- Born: 9 March 1934 Alahabad, Mihar
- Died: 8 April 1971 (aged 37)
- Known for: Martyr during the Bangladesh Liberation War

= Mohammad Shamshad Ali =

Pakistani physician and martyr

Mohammad Shamshad Ali was a Bangladeshi physician who was killed in the Bangladesh Liberation War, and is considered a martyr in Bangladesh.

==Early life==
Ali was born in his maternal home in Allahabad, Bihar on 9 March 1934. His father, Abul Hossain, was a doctor and a captain in the British Indian Army. His ancestral paternal home was in Sonatala, Bogra District. Ali studied in Rajshahi Medical College and then at Sir Salimullah Medical College, finishing his MBBS in 1963.

==Career==
In 1963, Ali joined the Pakistani government's medical service. He was posted in Thana Health Complex in Comilla, where he worked for two years. After that, he resigned and opened a private practice in Parbatipur with his own pharmacy. The area was majority Bihari and was the site of frequent conflict between them and Bengalis.
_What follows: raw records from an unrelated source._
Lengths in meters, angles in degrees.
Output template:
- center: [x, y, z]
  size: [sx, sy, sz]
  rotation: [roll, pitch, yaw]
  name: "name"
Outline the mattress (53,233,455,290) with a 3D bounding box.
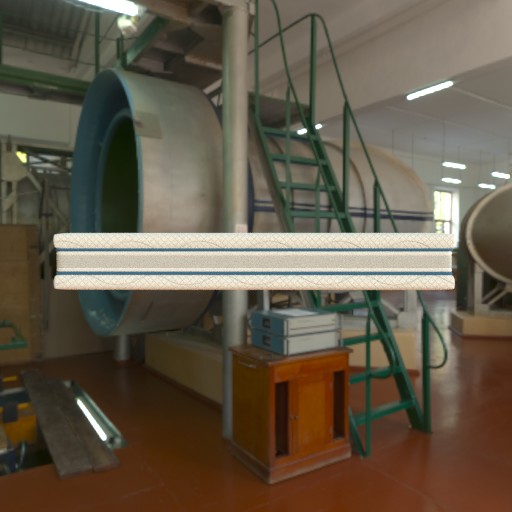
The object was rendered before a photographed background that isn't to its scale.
- center: [0.000, 0.000, 2.757]
  size: [1.600, 0.230, 2.000]
  rotation: [0, 1, 1]
  name: "mattress"
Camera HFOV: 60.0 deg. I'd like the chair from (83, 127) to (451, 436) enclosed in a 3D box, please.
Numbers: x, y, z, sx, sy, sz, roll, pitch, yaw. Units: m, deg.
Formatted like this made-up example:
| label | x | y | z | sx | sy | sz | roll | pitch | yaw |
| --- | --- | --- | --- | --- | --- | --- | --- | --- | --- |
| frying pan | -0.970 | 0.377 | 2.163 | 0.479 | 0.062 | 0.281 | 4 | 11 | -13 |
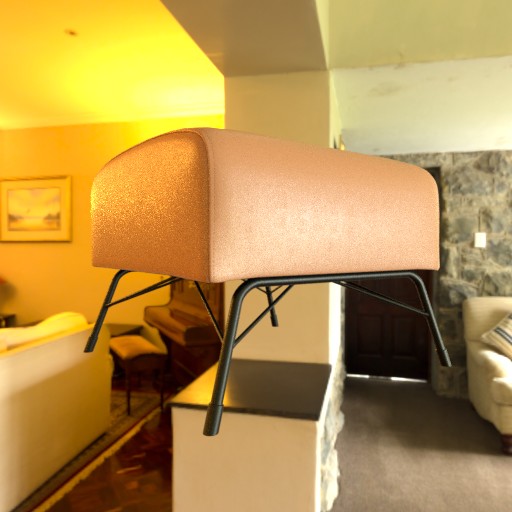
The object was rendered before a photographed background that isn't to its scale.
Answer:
| label | x | y | z | sx | sy | sz | roll | pitch | yaw |
| --- | --- | --- | --- | --- | --- | --- | --- | --- | --- |
| chair | 0.000 | 0.000 | 0.885 | 0.530 | 0.410 | 0.530 | -1 | 1 | -36 |
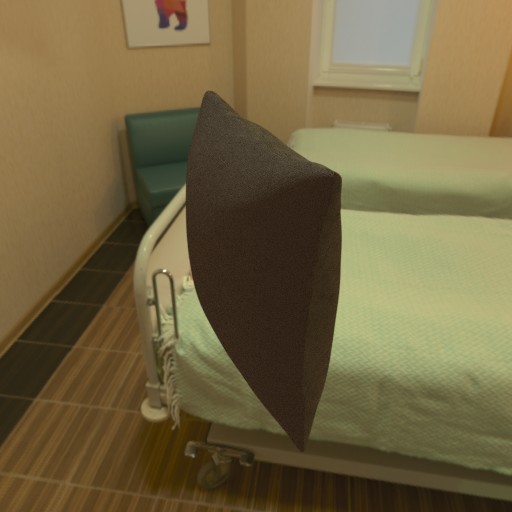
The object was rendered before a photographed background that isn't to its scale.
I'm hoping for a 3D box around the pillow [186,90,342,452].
[{"bbox_3d":[0.000,0.000,0.714,0.204,0.439,0.452,-11,33,-17],"label":"pillow"}]
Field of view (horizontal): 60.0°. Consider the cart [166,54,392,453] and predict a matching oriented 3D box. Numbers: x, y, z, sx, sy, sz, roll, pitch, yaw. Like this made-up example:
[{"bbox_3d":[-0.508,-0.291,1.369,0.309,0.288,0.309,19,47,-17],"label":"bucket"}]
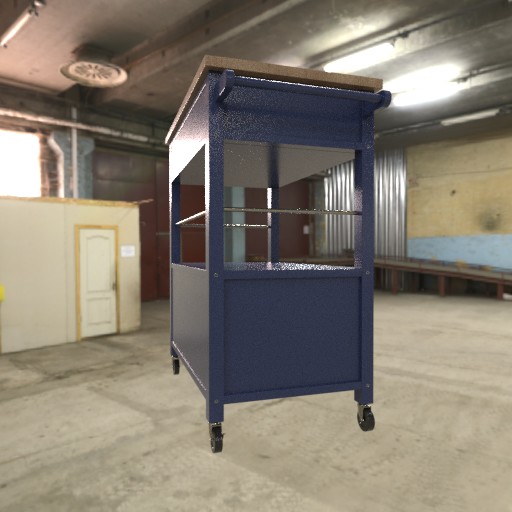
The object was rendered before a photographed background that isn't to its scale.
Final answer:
[{"bbox_3d":[0.000,0.000,1.383,0.459,0.901,0.840,0,1,-18],"label":"cart"}]
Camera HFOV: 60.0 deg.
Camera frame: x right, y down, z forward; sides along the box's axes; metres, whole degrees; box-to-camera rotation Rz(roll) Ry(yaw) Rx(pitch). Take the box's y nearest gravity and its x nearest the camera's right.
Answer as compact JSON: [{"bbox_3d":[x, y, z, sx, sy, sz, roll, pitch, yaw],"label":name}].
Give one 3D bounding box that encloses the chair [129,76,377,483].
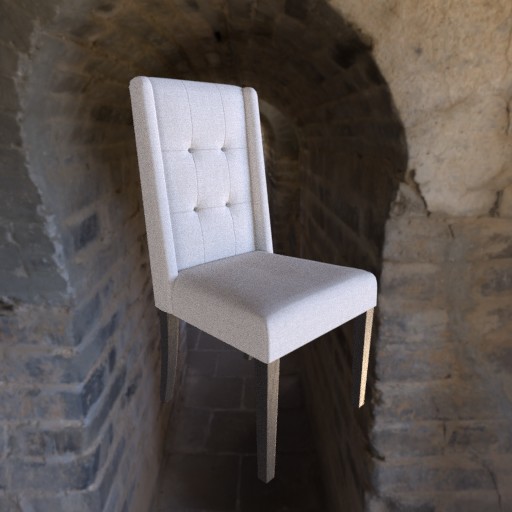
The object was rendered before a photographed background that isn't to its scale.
[{"bbox_3d":[0.000,0.000,1.259,0.523,0.961,0.474,14,21,42],"label":"chair"}]
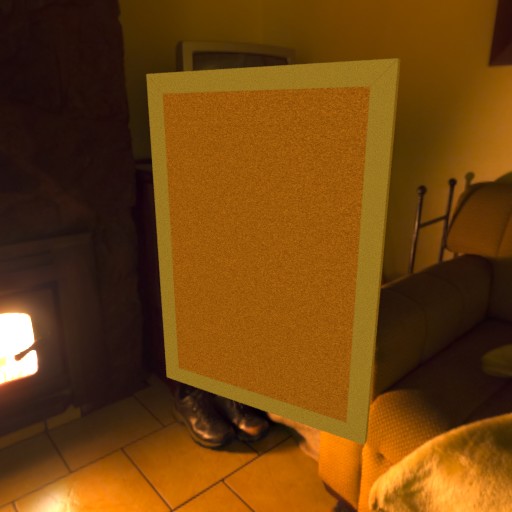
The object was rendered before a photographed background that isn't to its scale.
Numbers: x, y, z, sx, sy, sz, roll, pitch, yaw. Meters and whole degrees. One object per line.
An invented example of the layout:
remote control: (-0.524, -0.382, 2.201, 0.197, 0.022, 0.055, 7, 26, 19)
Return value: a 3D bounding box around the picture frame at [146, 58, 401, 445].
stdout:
picture frame: (0.000, 0.000, 0.584, 0.326, 0.459, 0.011, 9, 19, 28)
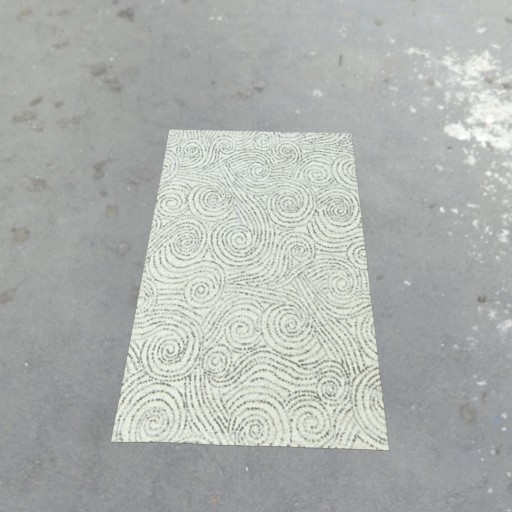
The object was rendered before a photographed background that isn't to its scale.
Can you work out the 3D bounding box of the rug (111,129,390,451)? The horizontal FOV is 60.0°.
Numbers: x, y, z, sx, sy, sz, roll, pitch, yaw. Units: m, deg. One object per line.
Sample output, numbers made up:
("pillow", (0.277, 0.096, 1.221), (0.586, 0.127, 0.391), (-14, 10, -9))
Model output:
("rug", (0.000, 0.000, 3.054), (1.524, 0.005, 2.439), (1, 58, 1))
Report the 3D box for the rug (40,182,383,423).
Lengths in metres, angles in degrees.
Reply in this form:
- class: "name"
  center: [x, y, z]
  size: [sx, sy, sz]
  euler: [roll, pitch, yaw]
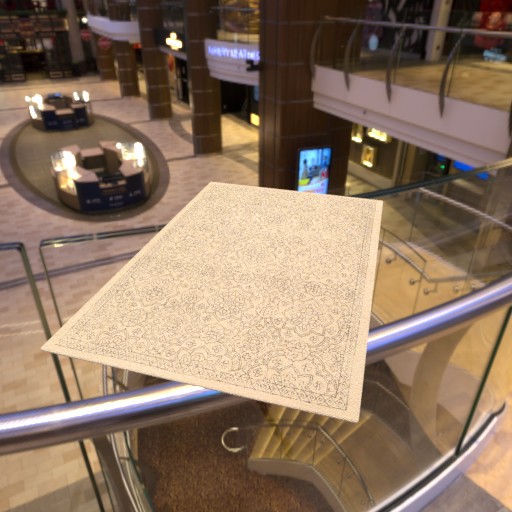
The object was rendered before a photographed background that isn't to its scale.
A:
- class: "rug"
  center: [0.000, 0.000, 2.326]
  size: [1.219, 0.010, 1.829]
  euler: [9, 32, 14]
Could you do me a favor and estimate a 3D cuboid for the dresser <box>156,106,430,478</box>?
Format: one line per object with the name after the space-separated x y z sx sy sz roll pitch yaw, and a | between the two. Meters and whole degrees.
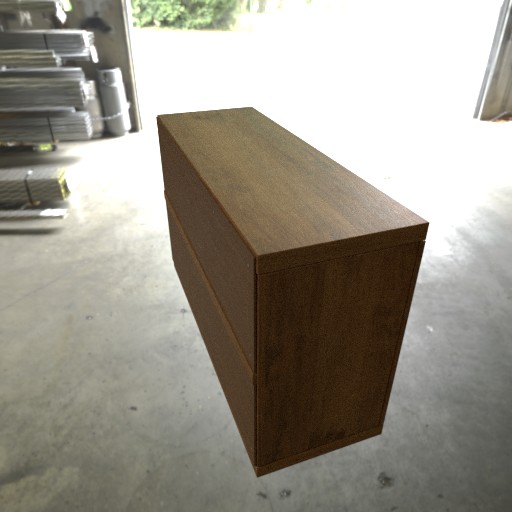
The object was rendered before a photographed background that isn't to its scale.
0.000 0.000 1.718 0.479 0.825 1.261 -11 33 -17 | dresser
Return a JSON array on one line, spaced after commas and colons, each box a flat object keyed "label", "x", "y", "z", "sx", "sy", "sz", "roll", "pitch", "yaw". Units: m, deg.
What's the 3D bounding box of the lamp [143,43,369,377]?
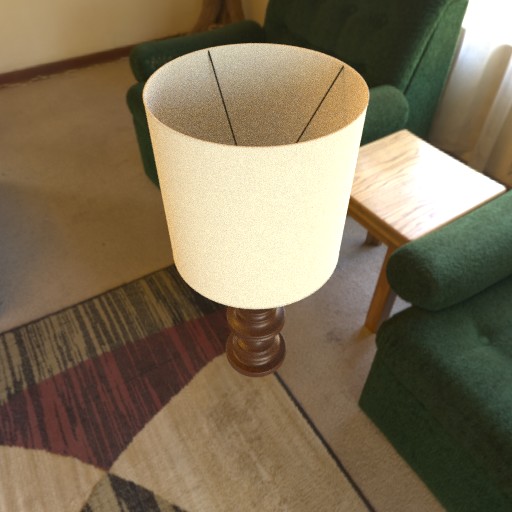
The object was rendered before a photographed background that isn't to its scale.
[{"label": "lamp", "x": 0.000, "y": 0.000, "z": 0.577, "sx": 0.208, "sy": 0.455, "sz": 0.208, "roll": 32, "pitch": 54, "yaw": 27}]
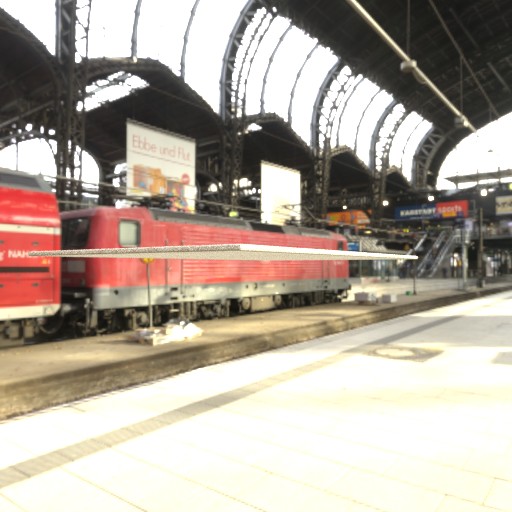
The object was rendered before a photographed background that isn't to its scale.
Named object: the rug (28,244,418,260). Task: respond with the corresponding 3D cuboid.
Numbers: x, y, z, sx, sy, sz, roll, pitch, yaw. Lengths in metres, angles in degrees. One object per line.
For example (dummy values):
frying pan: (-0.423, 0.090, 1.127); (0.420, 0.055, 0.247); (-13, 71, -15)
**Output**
rug: (0.000, 0.000, 3.538); (1.778, 0.030, 2.743); (-1, -2, 35)
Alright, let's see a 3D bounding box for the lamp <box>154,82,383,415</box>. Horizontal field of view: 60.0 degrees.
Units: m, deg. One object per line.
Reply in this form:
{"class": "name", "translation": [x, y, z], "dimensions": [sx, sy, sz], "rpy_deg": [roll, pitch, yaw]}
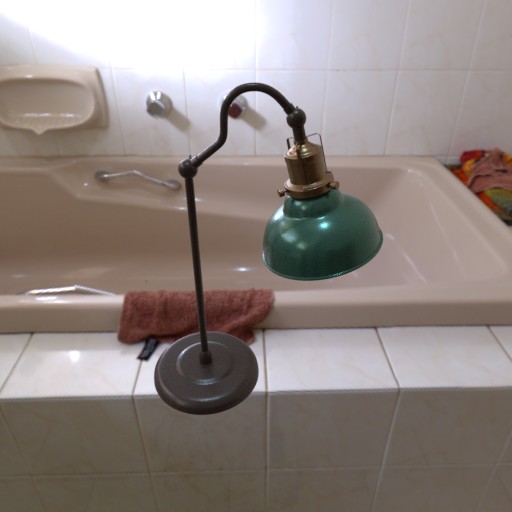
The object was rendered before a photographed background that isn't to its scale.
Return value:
{"class": "lamp", "translation": [0.000, 0.000, 0.685], "dimensions": [0.374, 0.508, 0.192], "rpy_deg": [1, 32, 1]}
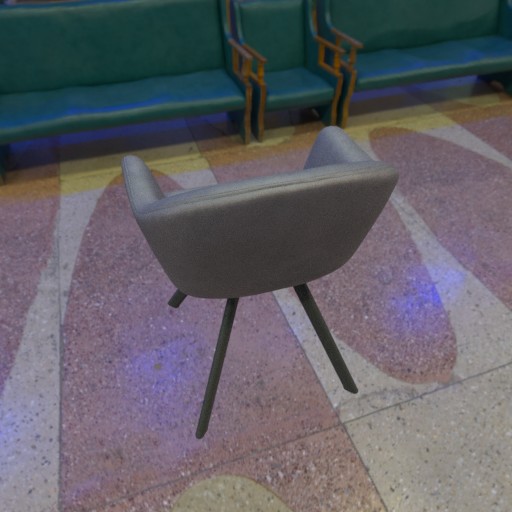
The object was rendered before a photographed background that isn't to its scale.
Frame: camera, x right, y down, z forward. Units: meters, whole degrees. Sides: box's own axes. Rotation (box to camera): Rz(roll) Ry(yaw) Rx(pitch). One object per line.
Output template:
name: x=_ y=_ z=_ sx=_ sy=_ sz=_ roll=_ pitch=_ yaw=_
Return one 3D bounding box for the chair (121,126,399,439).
chair: x=0.000 y=0.000 z=1.143 sx=0.567 sy=0.781 sz=0.544 roll=-12 pitch=44 yaw=-12

He supported the 1969 uprising in East Pakistan.

==Death==
On 8 April 1971, Pakistan Army accompanied by Biharis raided his house and abducted him. He was taken to the suburbs of the town and shot dead. His body was chopped up and burnt in a rail engine at the local rail station. A road in Parbatipur has been renamed as Shaheed Dr Shamshad Ali Road. On 14 December 2000, Bangladesh Post Office issued commemorative posts in his name on the occasion of Martyred Intellectuals Day.